Jeremy Corbyn urged Theresa May to end “jackpot time for the privateers” in the NHS as he blamed outsourcing for denying cash to patient care.
The Labour leader also accused the Government of “tearing up the founding principles of the NHS and putting private profit before public service”, something the Prime Minister denied, before he warned GPs are “leaving the profession in despair” with more needed.
Mrs May defended the Government’s healthcare record and claimed the proportion of spend in NHS England outsourced to the private sector “did not go up at all” last year – but did increase by 0.8% in Labour-controlled Wales.
She also accused Labour of having “scaremongered” at every general election about the Conservatives’ approach to the NHS, saying her party had always put more cash in and “improved NHS services” when in power.
Health dominated the leaders’ exchanges at Prime Minister’s Questions after the pair also paid tribute to the victims of Grenfell Tower and the Manchester Arena attack.
Speaking in the Commons, Mr Corbyn said: “NHS budgets have increased by just 1% per year under this Government, but it’s jackpot time for the privateers – their share is up by 100% to over £9 billion per year.
“We learnt that Surrey NHS has just paid Virgin Healthcare £1.5 million, not for any service they delivered but because their bid wasn’t chosen – £1.5 million wasted on Virgin Healthcare that should have been spent on healthcare itself.”
The Labour leader said the National Audit Office has warned that NHS England’s handling of private contractors had put “patients at risk of serious harm”.
Mrs May replied: “On the National Audit Office report, what they said was no actual harm has been identified.

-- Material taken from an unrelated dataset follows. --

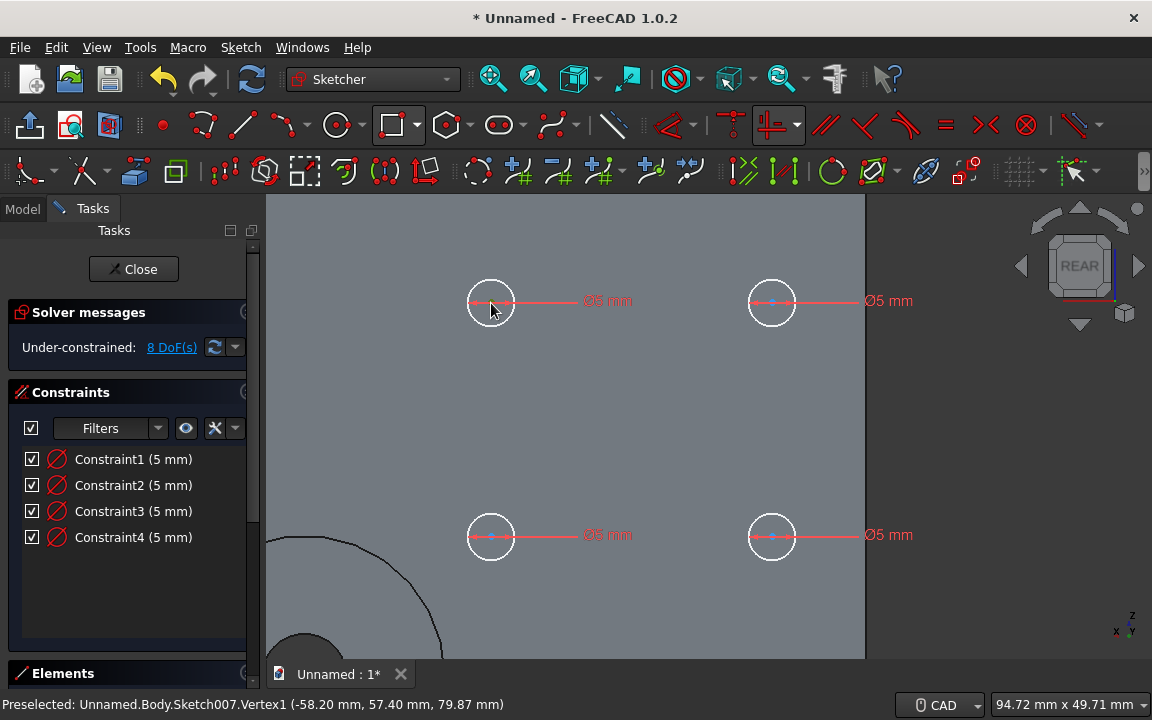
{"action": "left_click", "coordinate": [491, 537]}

“It is also the case that in relation to the particular contracts they were talking about, the savings made have all been reinvested in frontline NHS patient care and has helped to fund the equivalent of an extra 30,000 operations.”
Mrs May later said: “What has every elected Conservative government done? We have protected the NHS, we have improved NHS services, we have put more funding into the NHS and we have ensured we remain true to the founding principle of the NHS that it is free at the point of delivery.”
Mr Corbyn countered: “From the party that opposed the NHS in the first place that is a bit rich.”
On GPs, the Labour leader said: “GPs are leaving the profession in despair. Four thousand have retired early in the past five years – that’s one in 10.”
He questioned if the Government was still intent on hiring 5,000 extra GPs, which Mrs May said she was committed to delivering – with training for GPs increased.
In his concluding remarks, Mr Corbyn said the NHS approaches its 70th anniversary with the “worst A&E waits on record, the worst delays for cancer referrals on record”.
He went on: “Falling numbers of GPs, falling numbers of nurses and the longest funding squeeze in its history while this Government opens the door to even more profiteering.
“Why doesn’t the Prime Minister act now to end the siphoning off of billions of pounds from patient care and give it to the NHS, the funding that it needs?”
Mrs May said the NHS has more funding and treats more people, adding shadow chancellor John McDonnell and Labour want to “overthrow capitalism”.
She said of Labour’s approach: “It would mean families paying higher taxes, more debt for our children in future, fewer people in jobs and less money for our schools and hospitals.”